Day 32 Prince Rupert Wednesday 19th May 2015
Woke up in Eagles Bluff and appreciated our gorgeous surroundings. Our quaint granny decorated ‘Harbour View’ room was right on the wharf. We could see the eagles sitting on the poles just outside.
We could look across the boat filled marina to the large container ships moored in the channel and on to the forest covered hills on the other side.
Upstairs to breakfast where Mary quietly cooked our brekky and explained what we were seeing out the window – Spruce not “Fir trees”.
Eagle babies are much larger than adults. Combine with expert sightseeing advice. After breakfast we realised we had a new learning:
“Seek out local knowledge”.
Moved on to comply with an earlier existing ‘rule’
“Start with a visit to the local Visitor centre”
– which happened to be in another brightly painted building next door.
Our dilemma was betweeen a 20km hike through the Metlakhatla </a> or a visit to Khutzeymateen Park to see the Grizzly bears in their protected area. Mary had been quietly encouraging of Khutzeymateen Park, This decision was easily made when we were told a storm had closed the Metlakhatla hike.
Next door to the Adventure Tour office to book our trip to the protected park for Grizzly bears. A little shocked at the $200 ticket price (each) but decided this was special (see tomorrow – it absolutely was).
Practical stuff was finalised we headed to the little museum we had seen on our way in. The Royal Northern BC Museum . Another fantastic museum – smaller than others we have seen but well laid out, fascinating exhibits and a stunning gallery over the water. A further introduction to the Haida art and poles we will be seeing over the next week.

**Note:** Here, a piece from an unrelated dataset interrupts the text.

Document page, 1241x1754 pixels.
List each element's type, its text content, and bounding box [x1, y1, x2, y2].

I was fascinated by a dance skirt made with tanned deer hide and all around the bottom were sewing thimbles. Also a mirror of highly polished stone.

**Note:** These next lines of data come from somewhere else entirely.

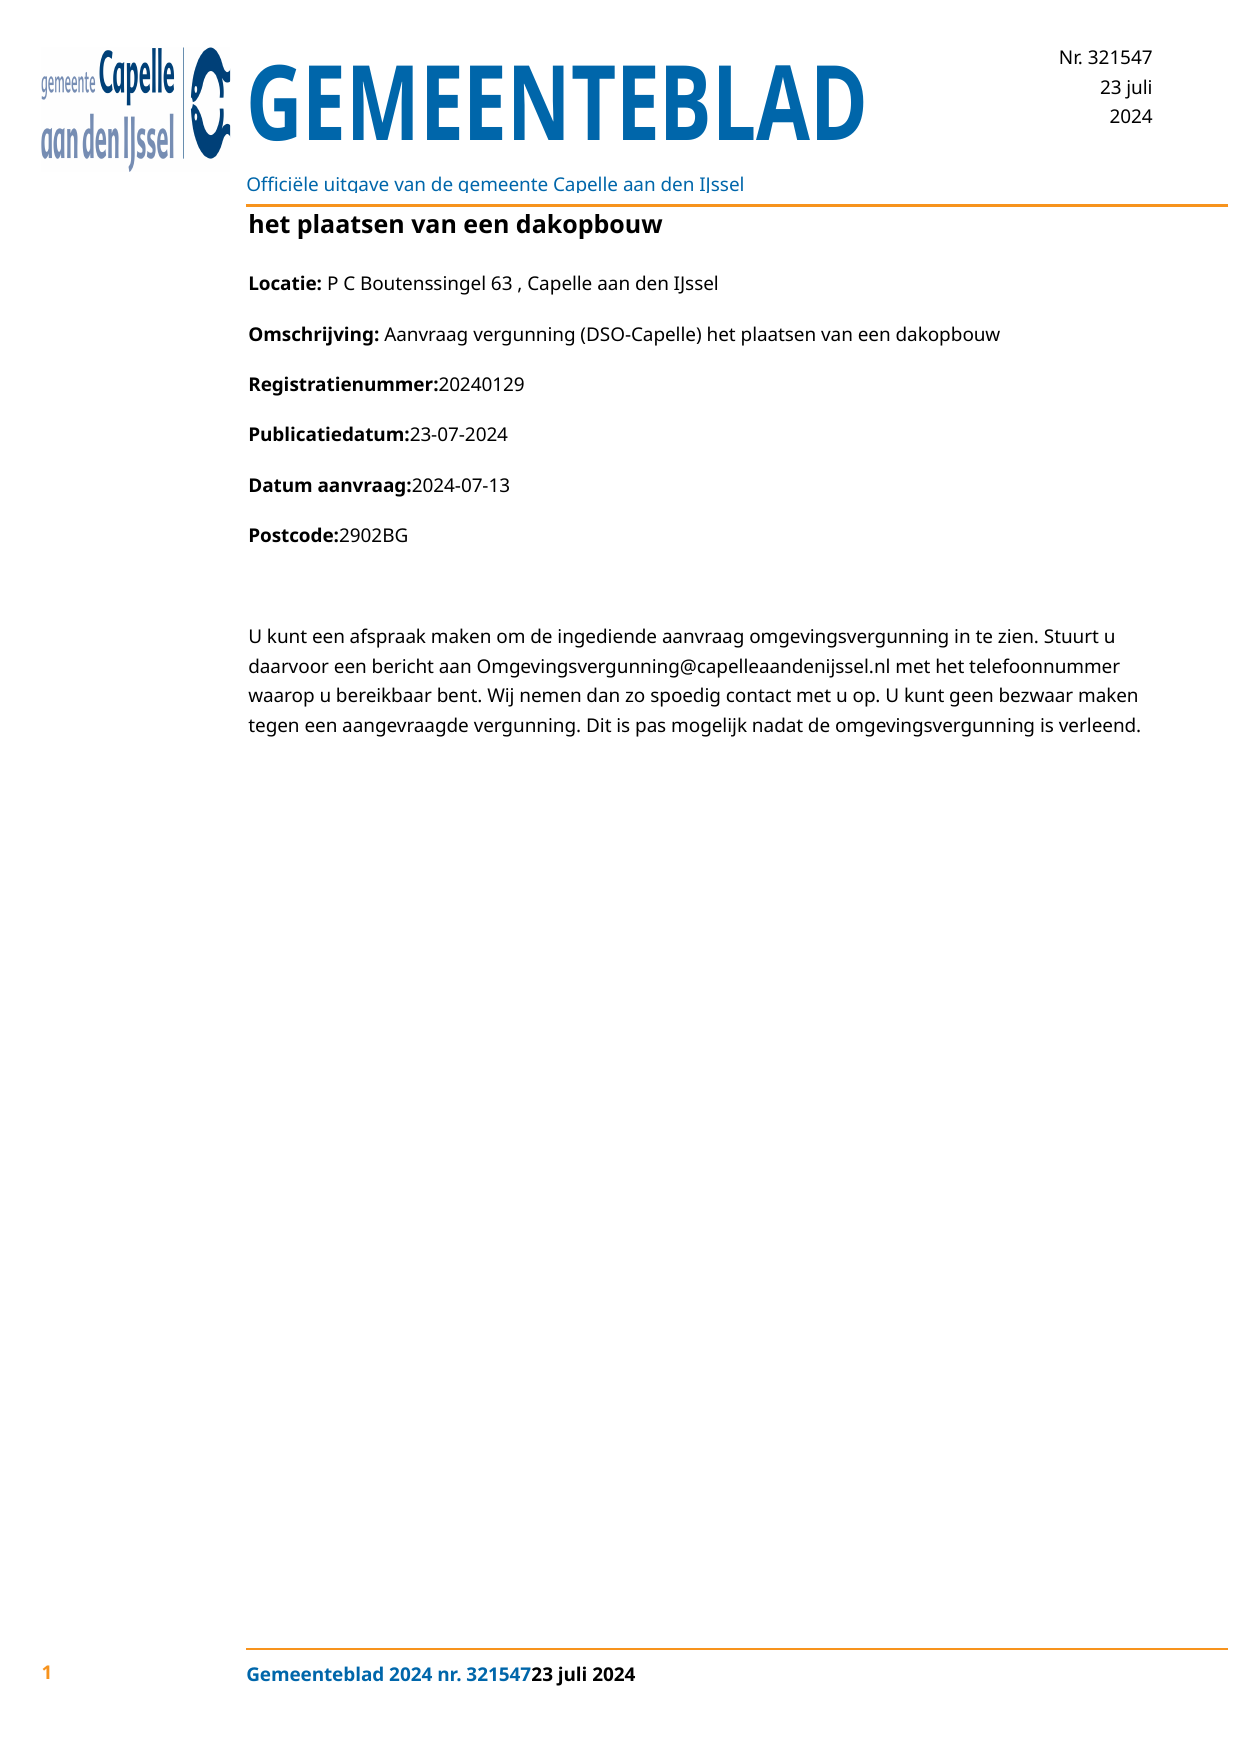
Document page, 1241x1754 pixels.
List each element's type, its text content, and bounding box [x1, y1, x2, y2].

text Locatie: P C Boutenssingel 63 , Capelle aan den IJssel [248, 270, 1152, 296]
text Omschrijving: Aanvraag vergunning (DSO-Capelle) het plaatsen van een dakopbouw [248, 321, 1152, 346]
text Postcode:2902BG [248, 522, 1152, 548]
picture [41, 47, 231, 172]
text U kunt een afspraak maken om de ingediende aanvraag omgevingsvergunning in te zien. Stuurt u daarvoor een bericht aan Omgevingsvergunning@capelleaandenijssel.nl met het telefoonnummer waarop u bereikbaar bent. Wij nemen dan zo spoedig contact met u op. U kunt geen bezwaar maken tegen een aangevraagde vergunning. Dit is pas mogelijk nadat de omgevingsvergunning is verleend. [248, 623, 1152, 738]
text Publicatiedatum:23-07-2024 [248, 422, 1152, 447]
text Registratienummer:20240129 [248, 371, 1152, 397]
text het plaatsen van een dakopbouw [248, 207, 1152, 241]
text Datum aanvraag:2024-07-13 [248, 472, 1152, 498]

A series of clothing from the different tribes in this part of BC showed very different styles including a northern tribe renowned for tanning hide with a display of the softest finest hide moccasins and clothing. Also included was an early Chinese outfit in recognition of the very early travellers who arrived in BC well before other explorers.
Caught the bus out to the walk Mary had recommended – Butze rapids (not pronounced Beautzee as I thought but plain old phonetic Buttzee).

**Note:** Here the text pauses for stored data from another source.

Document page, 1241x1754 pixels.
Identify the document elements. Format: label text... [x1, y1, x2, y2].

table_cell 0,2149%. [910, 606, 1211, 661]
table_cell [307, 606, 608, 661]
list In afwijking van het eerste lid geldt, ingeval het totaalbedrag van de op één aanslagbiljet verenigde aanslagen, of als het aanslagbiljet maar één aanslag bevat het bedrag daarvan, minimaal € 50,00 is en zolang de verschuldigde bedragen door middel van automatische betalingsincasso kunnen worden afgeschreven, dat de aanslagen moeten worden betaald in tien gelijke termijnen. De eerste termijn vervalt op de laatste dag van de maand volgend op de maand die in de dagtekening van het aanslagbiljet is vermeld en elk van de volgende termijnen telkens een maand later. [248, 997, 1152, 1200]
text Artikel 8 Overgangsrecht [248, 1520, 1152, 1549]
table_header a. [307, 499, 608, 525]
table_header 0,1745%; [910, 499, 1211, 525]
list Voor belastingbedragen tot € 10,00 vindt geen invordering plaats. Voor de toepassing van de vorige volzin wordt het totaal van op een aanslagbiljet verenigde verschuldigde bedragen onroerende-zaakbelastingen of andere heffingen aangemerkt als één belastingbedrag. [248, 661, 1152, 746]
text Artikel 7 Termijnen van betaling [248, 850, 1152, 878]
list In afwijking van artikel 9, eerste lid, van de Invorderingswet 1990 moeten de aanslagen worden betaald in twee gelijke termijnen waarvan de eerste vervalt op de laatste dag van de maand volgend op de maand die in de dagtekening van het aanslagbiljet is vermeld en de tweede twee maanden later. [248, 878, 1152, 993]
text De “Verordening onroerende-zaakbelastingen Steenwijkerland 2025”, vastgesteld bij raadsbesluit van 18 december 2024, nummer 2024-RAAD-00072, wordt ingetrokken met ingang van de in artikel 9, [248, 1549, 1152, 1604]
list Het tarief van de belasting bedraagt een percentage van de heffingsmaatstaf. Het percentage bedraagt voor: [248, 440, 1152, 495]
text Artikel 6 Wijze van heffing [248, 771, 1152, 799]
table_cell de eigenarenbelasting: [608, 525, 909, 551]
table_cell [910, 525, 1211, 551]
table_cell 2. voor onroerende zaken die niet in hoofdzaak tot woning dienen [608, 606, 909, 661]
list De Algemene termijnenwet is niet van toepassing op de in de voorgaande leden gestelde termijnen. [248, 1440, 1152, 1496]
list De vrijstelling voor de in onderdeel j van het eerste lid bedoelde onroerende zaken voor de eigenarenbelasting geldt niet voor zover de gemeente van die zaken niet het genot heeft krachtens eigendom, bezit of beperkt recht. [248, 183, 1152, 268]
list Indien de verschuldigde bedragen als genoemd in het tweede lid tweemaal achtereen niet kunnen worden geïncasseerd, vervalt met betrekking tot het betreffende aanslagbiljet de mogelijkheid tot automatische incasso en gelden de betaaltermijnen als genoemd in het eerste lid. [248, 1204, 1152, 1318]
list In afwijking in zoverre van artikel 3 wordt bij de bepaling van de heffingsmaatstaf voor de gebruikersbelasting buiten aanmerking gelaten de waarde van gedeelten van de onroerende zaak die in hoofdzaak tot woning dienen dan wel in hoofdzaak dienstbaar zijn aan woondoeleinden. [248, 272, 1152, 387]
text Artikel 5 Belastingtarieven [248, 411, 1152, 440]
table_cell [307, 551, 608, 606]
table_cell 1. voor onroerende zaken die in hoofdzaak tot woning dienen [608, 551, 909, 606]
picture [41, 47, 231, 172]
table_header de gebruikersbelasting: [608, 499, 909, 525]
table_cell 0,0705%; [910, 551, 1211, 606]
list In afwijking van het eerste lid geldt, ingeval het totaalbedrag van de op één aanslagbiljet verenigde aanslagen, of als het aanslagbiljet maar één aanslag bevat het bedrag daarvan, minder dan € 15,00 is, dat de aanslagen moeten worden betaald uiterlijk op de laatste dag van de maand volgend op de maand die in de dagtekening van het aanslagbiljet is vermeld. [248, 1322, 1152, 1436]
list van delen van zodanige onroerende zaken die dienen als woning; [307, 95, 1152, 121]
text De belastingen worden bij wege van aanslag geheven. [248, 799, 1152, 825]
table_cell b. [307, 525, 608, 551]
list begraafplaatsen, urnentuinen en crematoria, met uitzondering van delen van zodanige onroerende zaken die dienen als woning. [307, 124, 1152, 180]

What a treat the most beautiful 5 km walk through a range of landscapes – mossy lichen filled forest, scrubby pine wetlands and sea side.
This included fascinating rapids where the direction of the water changes around a small island. It looked wild and apparently is used by kayakers for “hole riding”!!
Missed the bus – caught a quick sighting of it as it pulled out of the car park. We had no water or food so I was not as relaxed as I might be but we did spend a peaceful half hour waiting for the next bus: Chris reading, me dangling my feet in the icy stream water.
Finally found a post office and sent off our mail after mortaging the house and wondering if mail was still sent by sailing ship! Told sea mail would take about 4 months and air about 4 weeks!!!
Then lunch – walked up the short less than lively main street. Passed an old building with specials board of Japanese fare out the front. Went in and found a cute café serving delicious food and not bad coffee. Javadotcup was I think part of a guest house.
Strolled around Prince Rupert town – small down-at-heel looking centre then headed for Cow Bay. A little area that has made the most of its heritage with brightly painted wooden buildings and a focus on the Cow theme “Cowpaccinno” café on the corner. Black and white cow print everywhere.
Above the bay were substantial houses perched on a steep rock cliff. While looking like the rich end of town Chris checked real estate suggesting we would have one for around $300,000.00!
Back to Eagle Bluff – washing day,so badly needed we had to wear hot bods while waiting for clean clothes.
Dinner Dolly’s is a long standing, well known, seafood establishment in Cow bay. Owned at some point by Dolly of course and we decided to give it a go for dinner. Later discovered that Dolly was one of the women featured in a book I read ‘The Gumboat Girls’ about the movement of young women to British Columbia from all over during the 60’s and 70’s.
My first fresh Halibut – absolutely delicious, thick white flesh and the waitress bought me a photo of it – a little like flounder but thicker and bigger, she explained she had seen Halibut as tall as her!